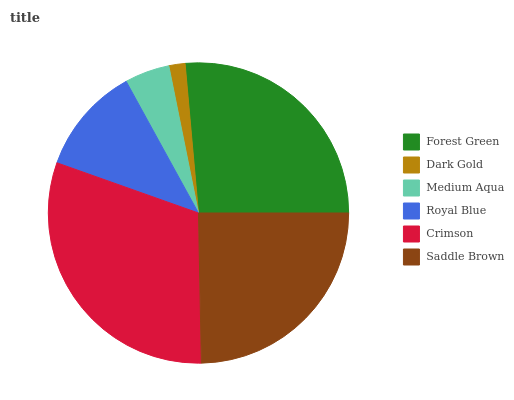Is Dark Gold the minimum?
Answer yes or no. Yes. Is Crimson the maximum?
Answer yes or no. Yes. Is Medium Aqua the minimum?
Answer yes or no. No. Is Medium Aqua the maximum?
Answer yes or no. No. Is Medium Aqua greater than Dark Gold?
Answer yes or no. Yes. Is Dark Gold less than Medium Aqua?
Answer yes or no. Yes. Is Dark Gold greater than Medium Aqua?
Answer yes or no. No. Is Medium Aqua less than Dark Gold?
Answer yes or no. No. Is Saddle Brown the high median?
Answer yes or no. Yes. Is Royal Blue the low median?
Answer yes or no. Yes. Is Crimson the high median?
Answer yes or no. No. Is Forest Green the low median?
Answer yes or no. No. 
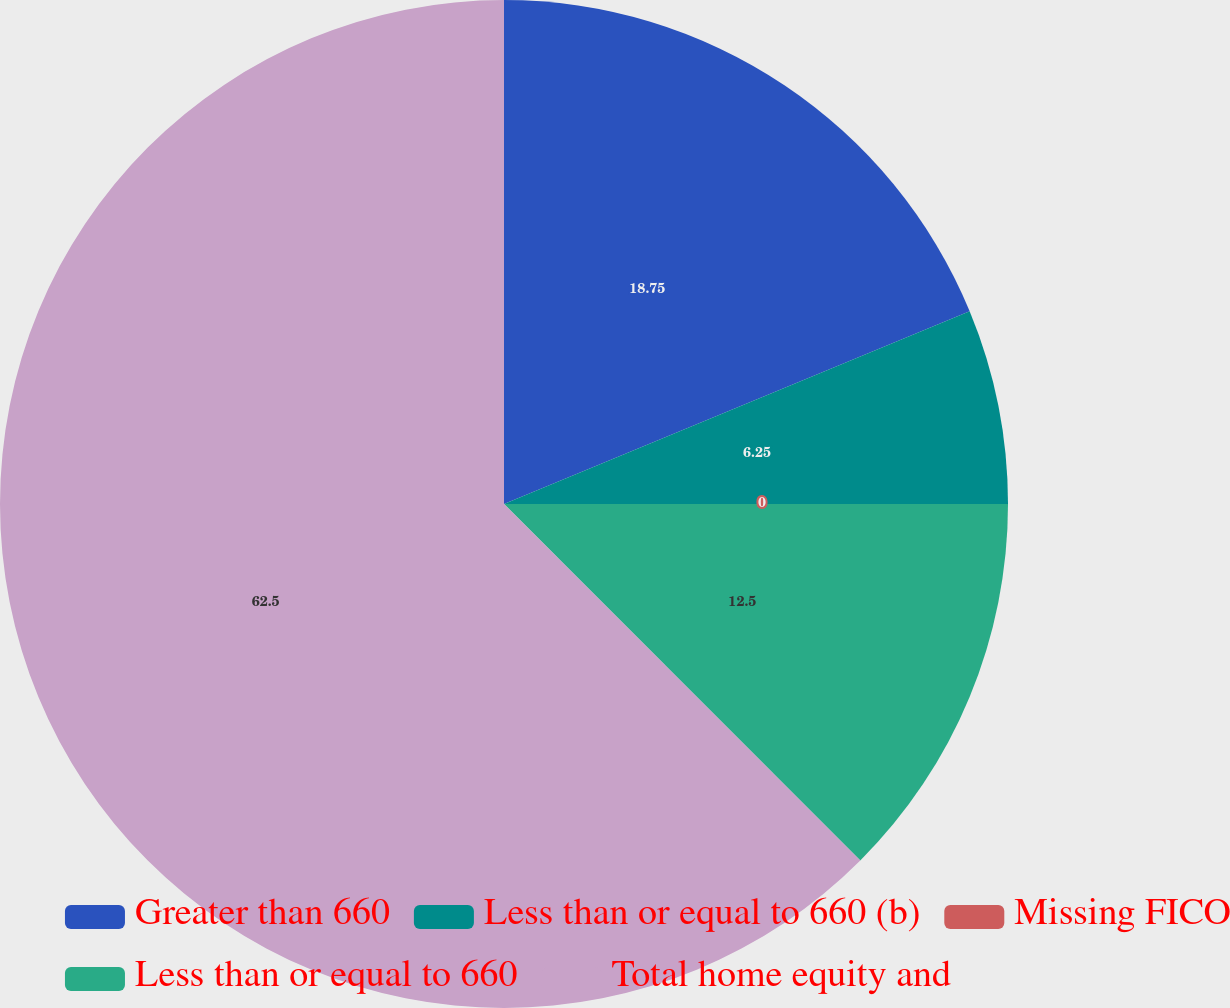Convert chart. <chart><loc_0><loc_0><loc_500><loc_500><pie_chart><fcel>Greater than 660<fcel>Less than or equal to 660 (b)<fcel>Missing FICO<fcel>Less than or equal to 660<fcel>Total home equity and<nl><fcel>18.75%<fcel>6.25%<fcel>0.0%<fcel>12.5%<fcel>62.49%<nl></chart>

┄┄┄┄┄┄┄┄┄┄

- How to complete this task -
Find "high" in the preceding records. Copy each line that holds it.

- Output for this task -
Answer yes or no. No. Is Saddle Brown the high median?
Answer yes or no. Yes. Is Crimson the high median?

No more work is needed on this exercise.